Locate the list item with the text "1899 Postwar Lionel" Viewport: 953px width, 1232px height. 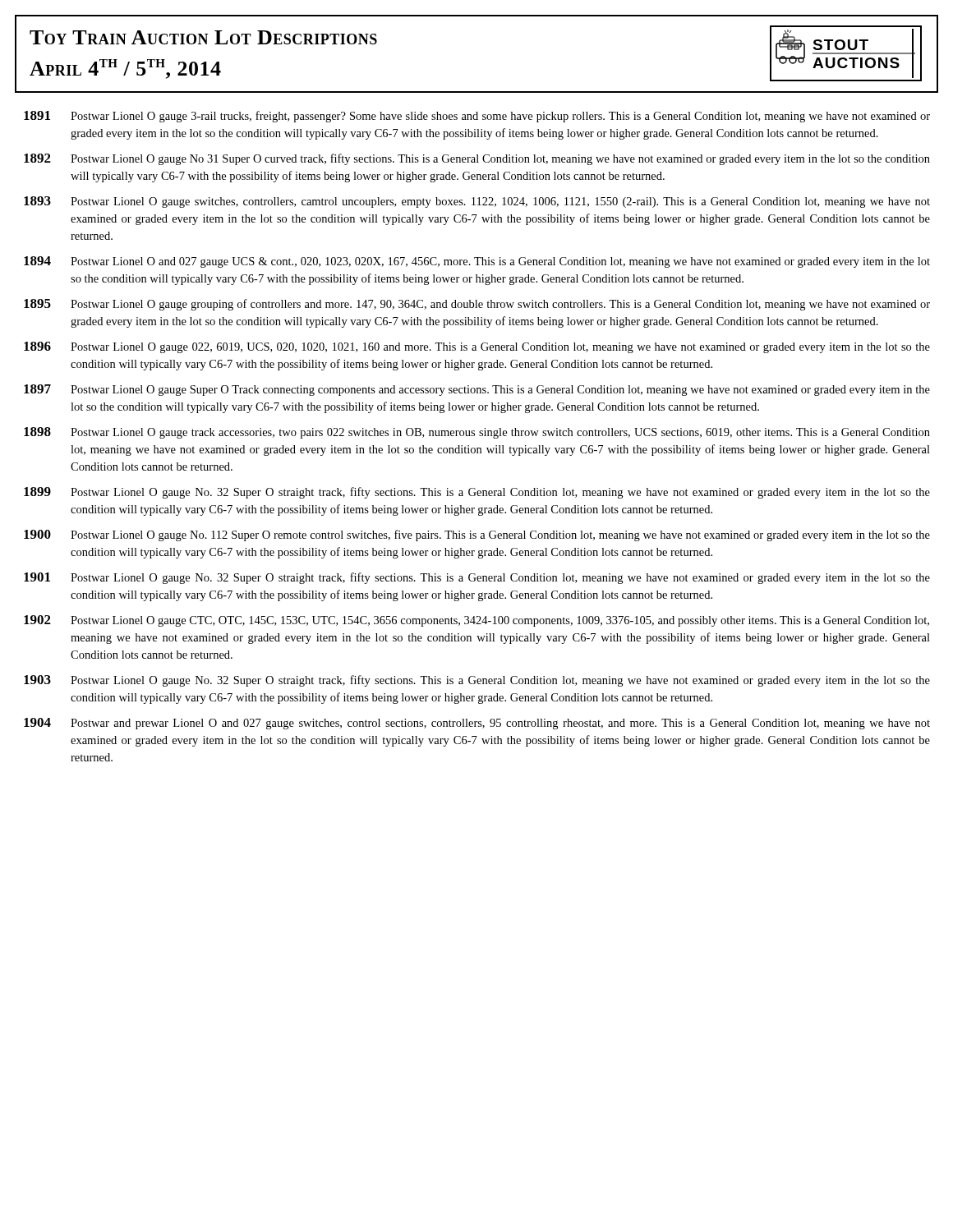tap(476, 501)
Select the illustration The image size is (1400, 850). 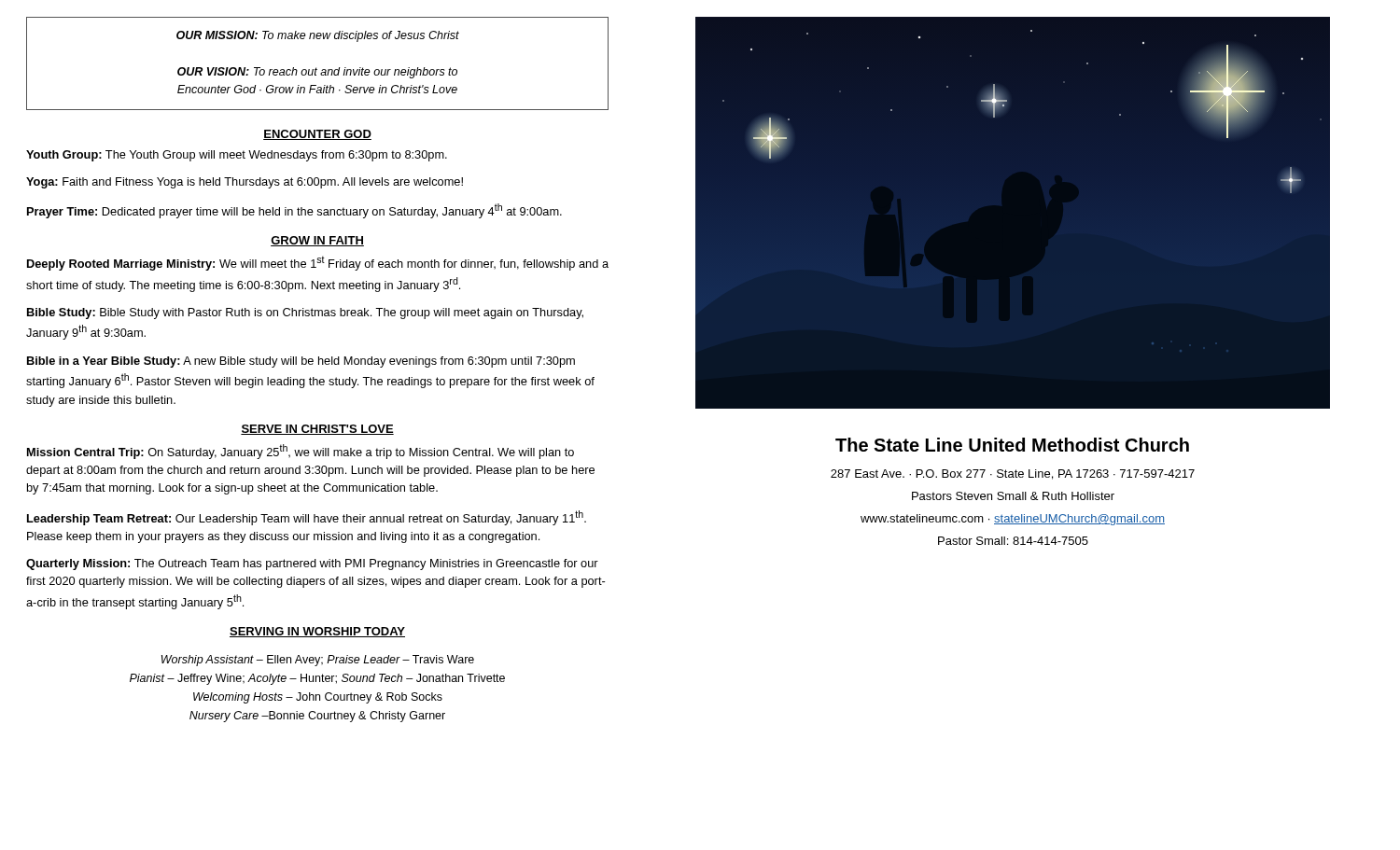(1013, 213)
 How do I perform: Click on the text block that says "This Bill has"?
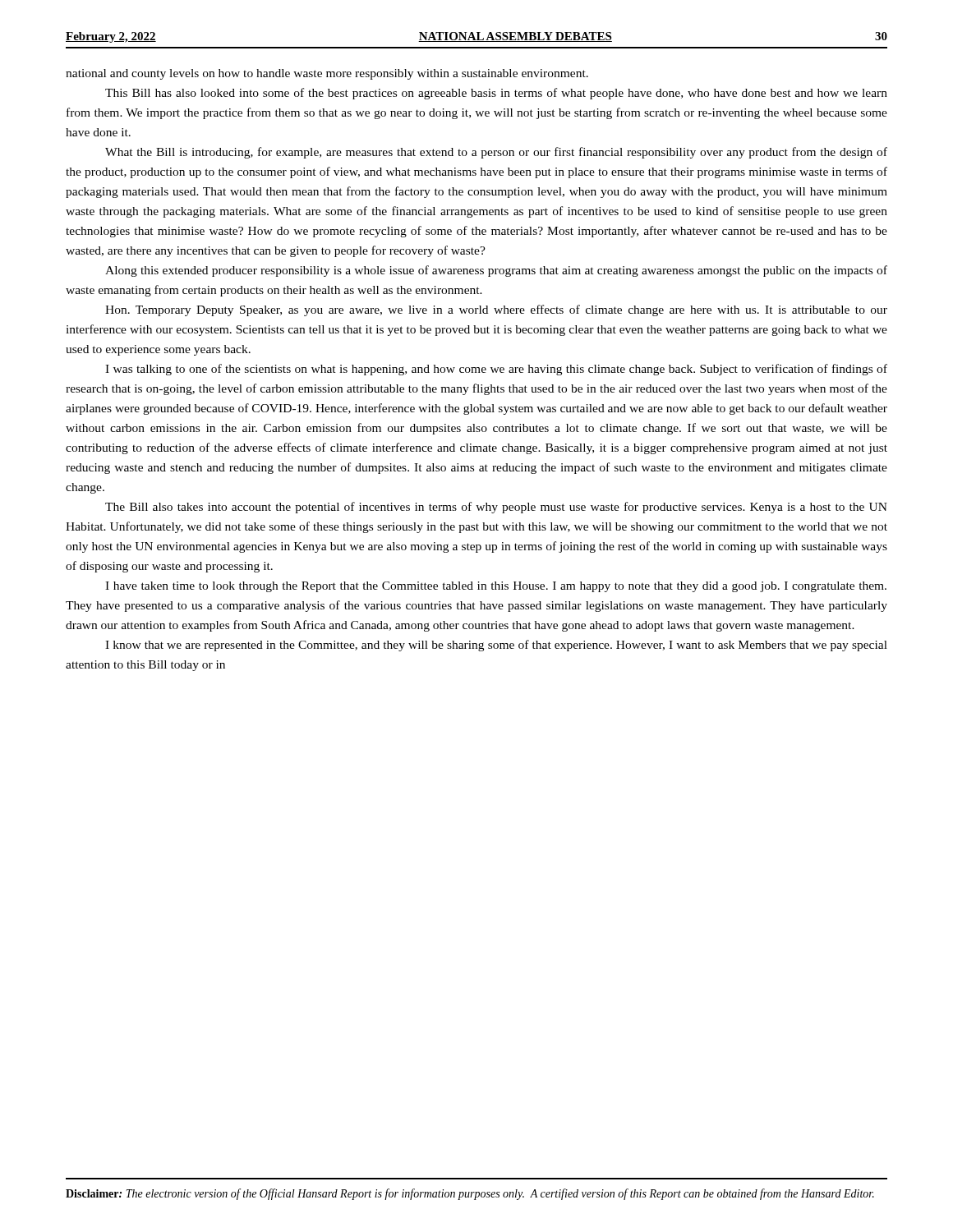(x=476, y=113)
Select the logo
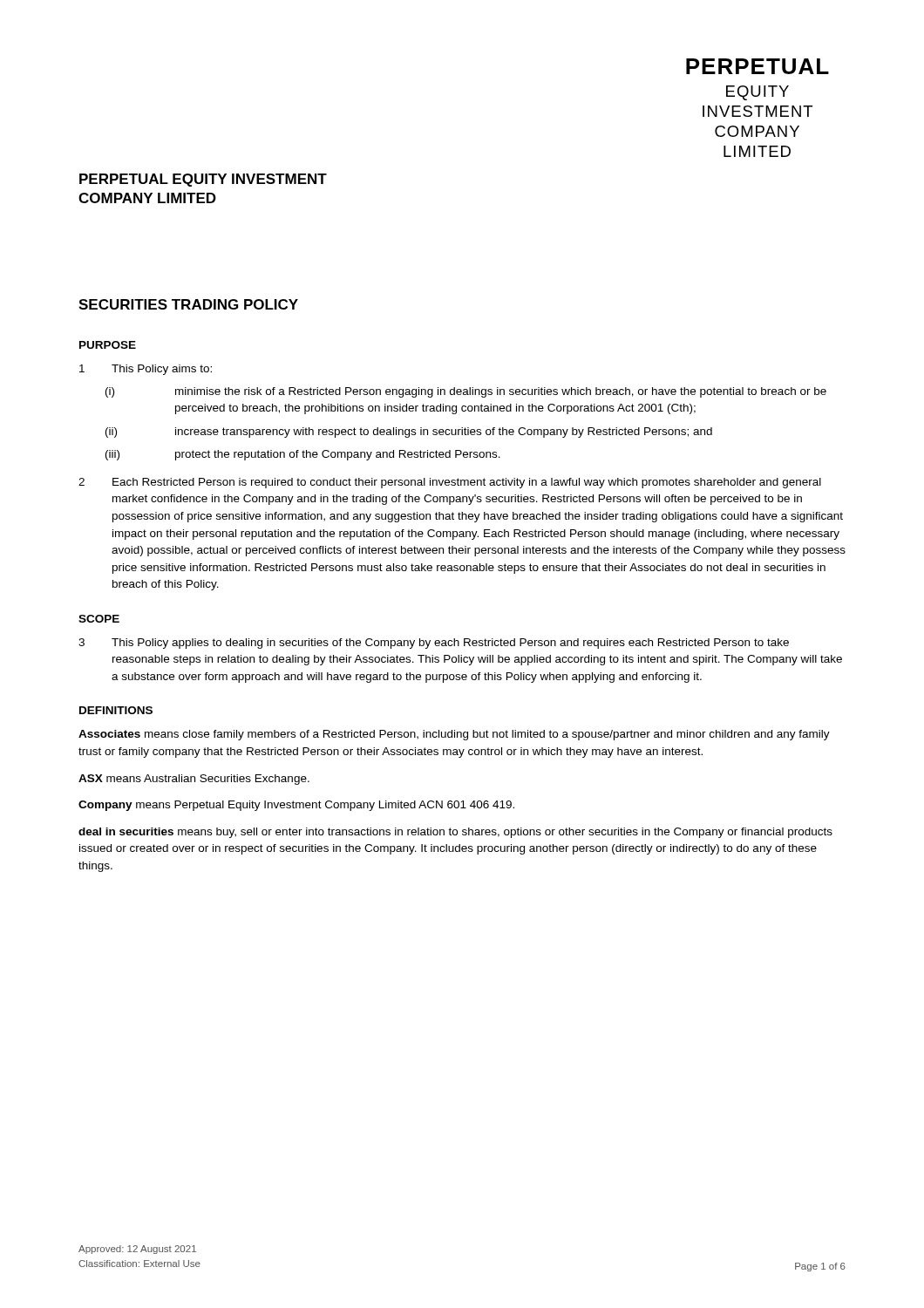Viewport: 924px width, 1308px height. click(758, 108)
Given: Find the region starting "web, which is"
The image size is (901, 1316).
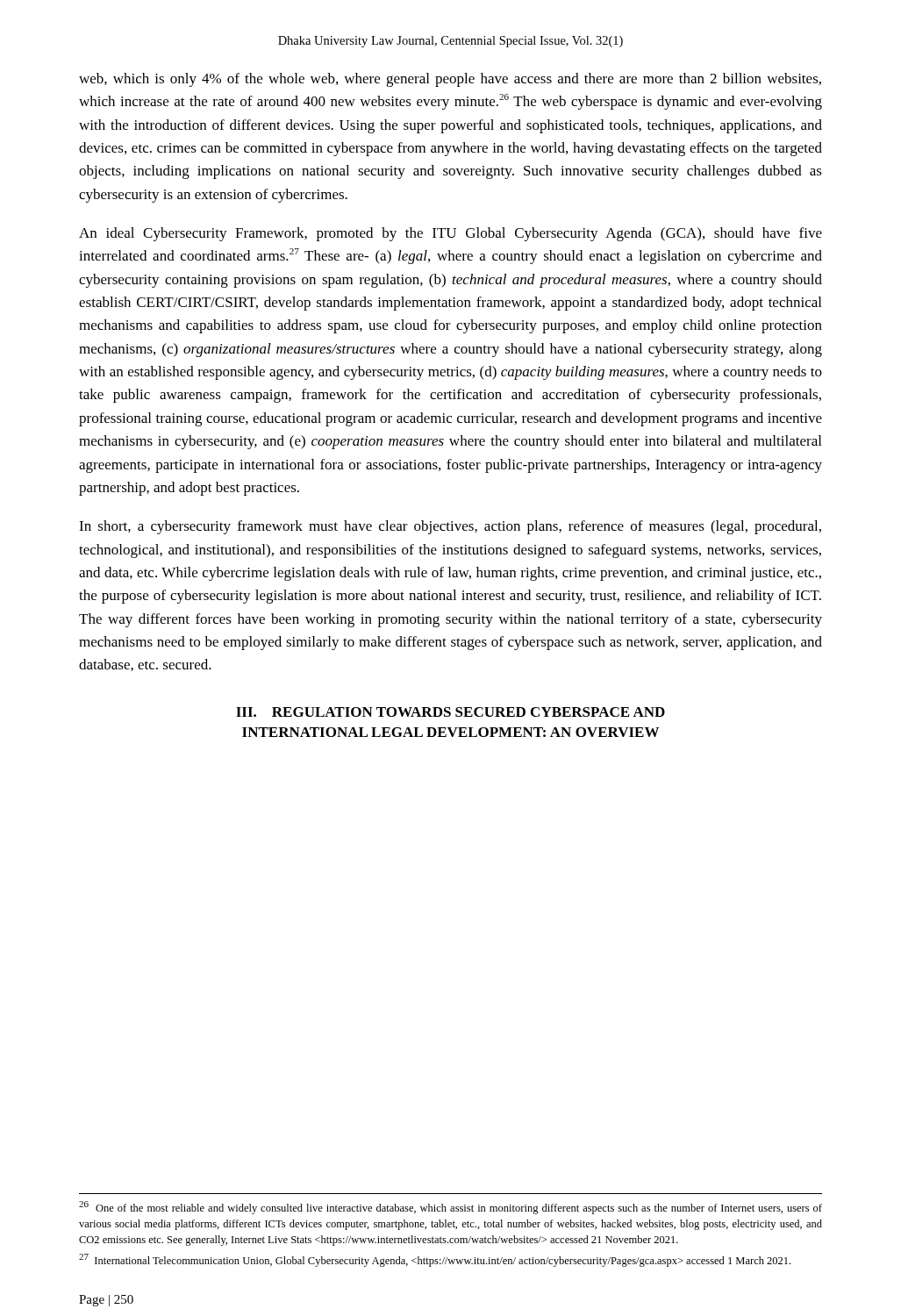Looking at the screenshot, I should click(450, 136).
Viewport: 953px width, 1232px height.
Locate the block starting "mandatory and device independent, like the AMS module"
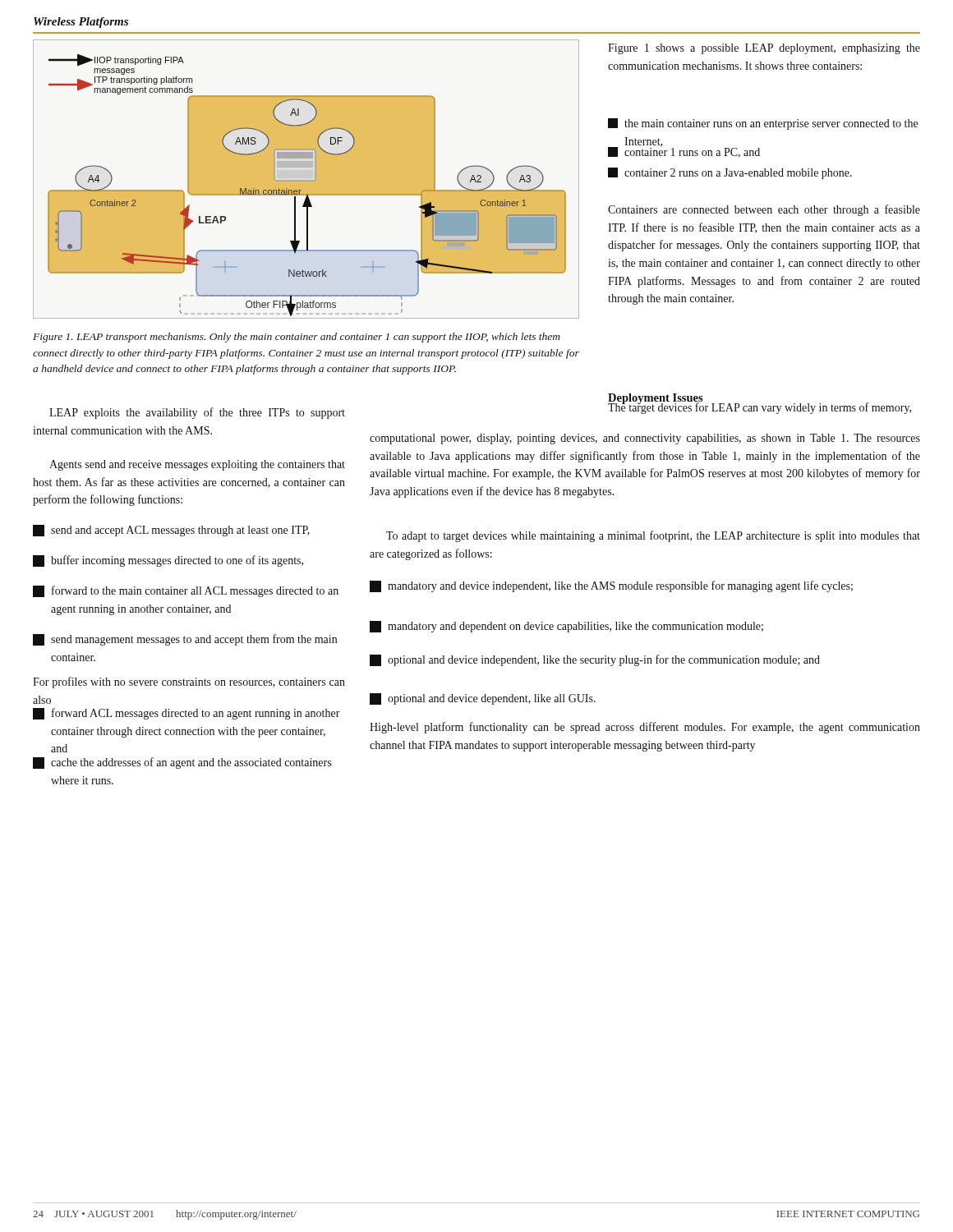point(645,586)
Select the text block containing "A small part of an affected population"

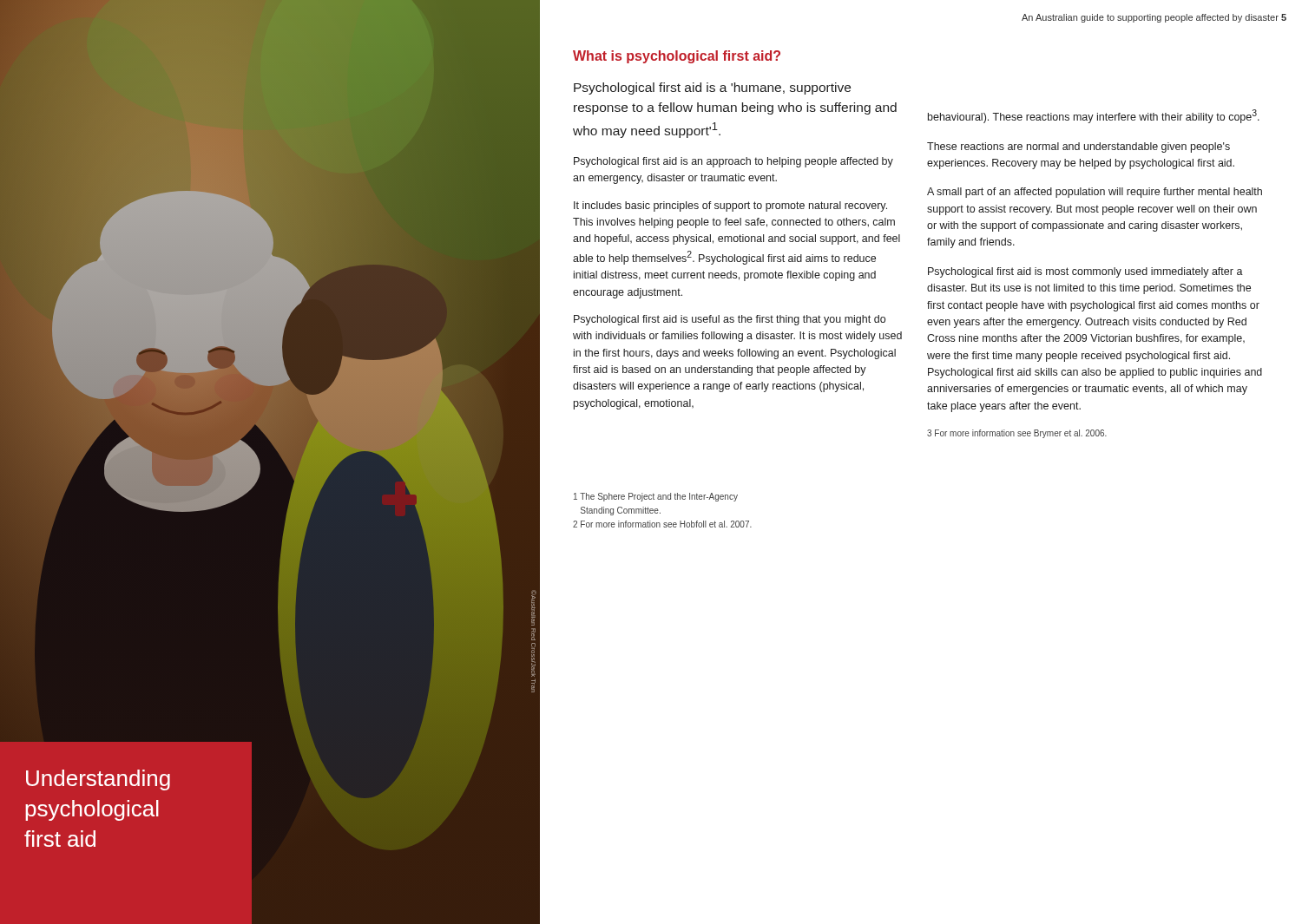[1095, 217]
□ □ □ □
Only those lines from the one containing "The image size is (901, 1316)." to the end of the material above, retyped exactly and without pictures, belong in your reply.

• _Answer box_:
The image size is (901, 1316).
Looking at the screenshot, I should click(450, 136).
Viewport: 953px width, 1232px height.
Locate the block starting "mandatory and device independent, like the AMS module"
point(645,586)
Select the text block containing "A small part of an affected population"

[1095, 217]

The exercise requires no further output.